When we visit a modern city the great buildings which catch the eye are office buildings, banks, retail and wholesale stores. These buildings, rising twenty stories and sometimes carrying towers of forty stories, often contain each enough workers to make a small city. These occupy the center of the city. They are substantially, and often luxuriously, built, whereas the factories located a little farther from the center are

usually inexpensive, with no pretense to beauty, and often are indescribably bad. The reason for the difference is plain. It is not because people maliciously set out to make one set of buildings grim, forbidding, and even hideous, and the other set attractive or even palatial.
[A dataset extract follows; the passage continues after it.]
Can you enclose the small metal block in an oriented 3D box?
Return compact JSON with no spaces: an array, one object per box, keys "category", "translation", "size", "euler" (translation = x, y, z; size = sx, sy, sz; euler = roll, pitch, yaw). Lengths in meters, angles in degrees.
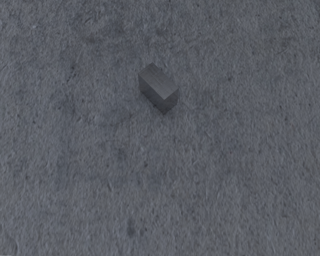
[{"category":"small metal block","translation":[-0.002,-0.051,0.414],"size":[0.025,0.050,0.050],"euler":[-40,75,-13]}]

The reason is chiefly one of economics. The cloth for our clothing may be woven in very ugly factories; it may be made up into garments in ill-ventilated and wretched tenements or cellars. Millinery may be manufactured in unsafe, old buildings which are nothing but fire-traps. Steel and iron may be made in mills which, by their smoke and gases, are a blight upon all the neighborhood. The buyers do not need to go to these places, hence there is no compulsion to make the factories attractive. When we buy our clothing or our millinery, when we go to a bank to do business, or when we take a train to make a journey, we like costly and elegant surroundings: hence it pays to build shops that are fine and attractive; it pays to build offices and banks which make an impression of great solidity and wealth; it pays to build railway stations which give the traveler an impression of luxury and safety.

The people who buy and sell and work must, of course, live somewhere, and moreover the city is a great market not only for the goods made in the factories or brought in by railways, but also for brains and muscle. The laborer who wants work, the country boy, anxious for a career, the country girl, for whom there is little opportunity for employment at home, all crowd to the city, and all must find shelter, if not homes.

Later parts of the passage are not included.